Transcribe all of the records word for word, please, omitting the pictures.

────────────────────────────────────────

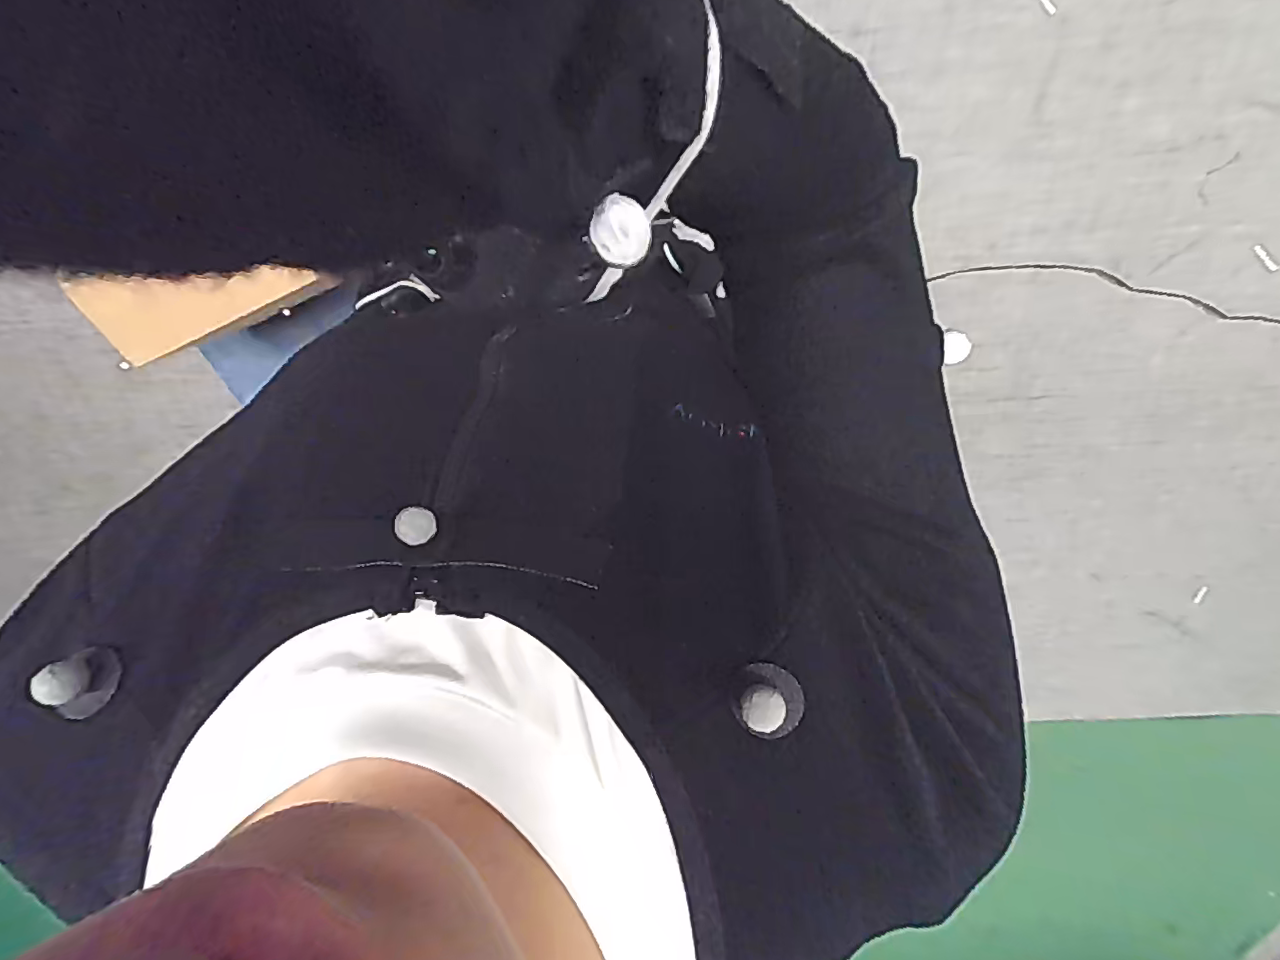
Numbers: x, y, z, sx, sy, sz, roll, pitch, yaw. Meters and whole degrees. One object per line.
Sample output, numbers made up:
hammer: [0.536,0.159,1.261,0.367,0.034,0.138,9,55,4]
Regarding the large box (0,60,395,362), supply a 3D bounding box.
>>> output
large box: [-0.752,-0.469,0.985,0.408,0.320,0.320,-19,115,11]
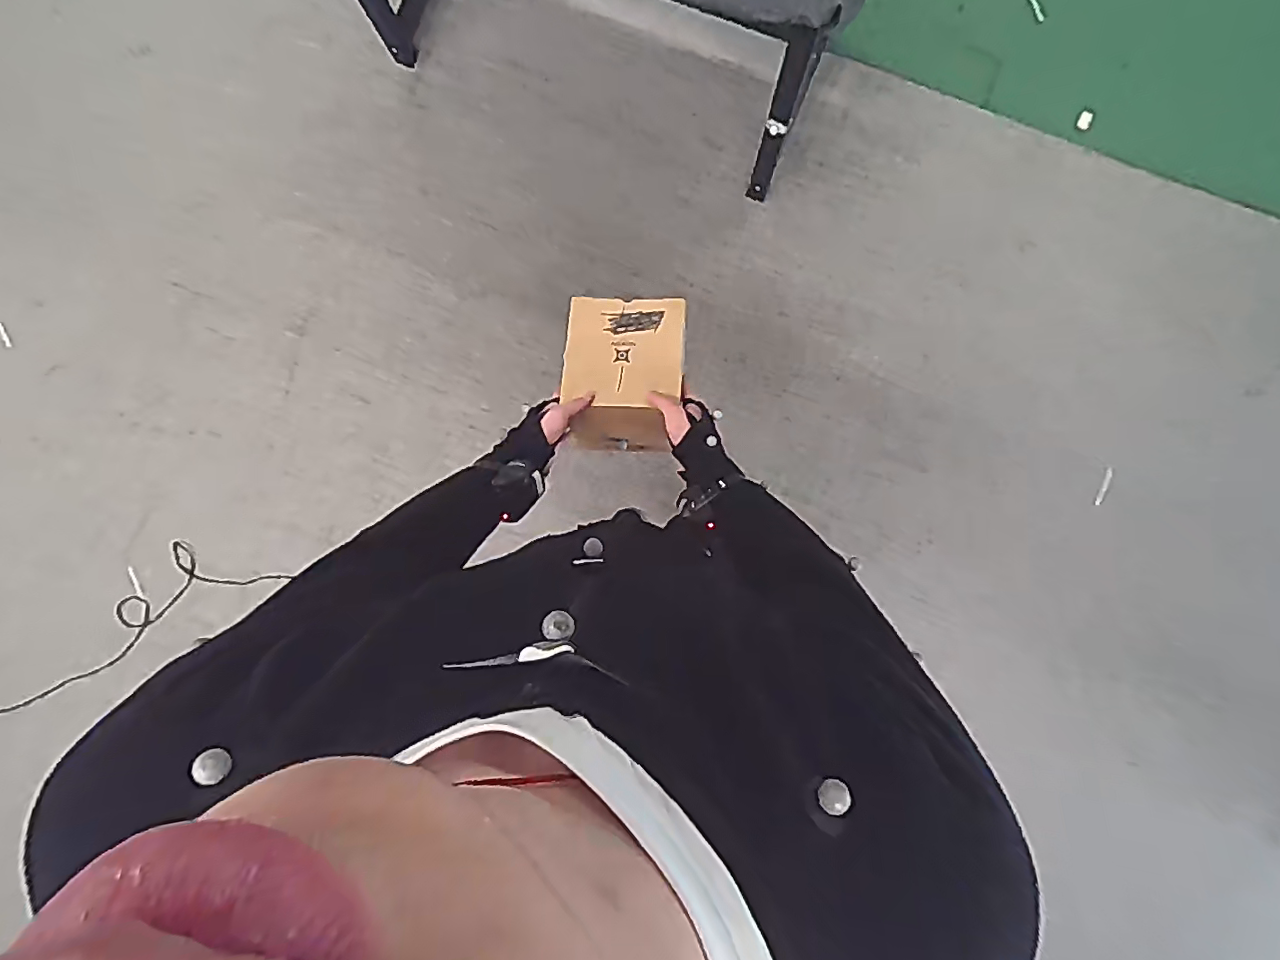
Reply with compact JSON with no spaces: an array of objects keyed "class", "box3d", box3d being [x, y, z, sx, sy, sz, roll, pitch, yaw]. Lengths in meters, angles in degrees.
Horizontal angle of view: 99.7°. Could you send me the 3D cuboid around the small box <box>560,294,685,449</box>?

────────────────────────────────────────

### Solution to the exercise
Numbers: x, y, z, sx, sy, sz, roll, pitch, yaw. Meters and whole degrees. One object per line.
Sample output, numbers made up:
hammer: [0.536,0.159,1.261,0.367,0.034,0.138,9,55,4]
Regarding the large box (0,60,395,362), supply a 3D bounding box.
>>> output
large box: [-0.752,-0.469,0.985,0.408,0.320,0.320,-19,115,11]
Reply with compact JSON with no spaces: an array of objects keyed "class", "box3d", box3d being [x, y, z, sx, sy, sz, roll, pitch, yaw]. Lengths in meters, angles in degrees.
Horizontal angle of view: 99.7°. Could you send me the 3D cuboid around the small box <box>560,294,685,449</box>?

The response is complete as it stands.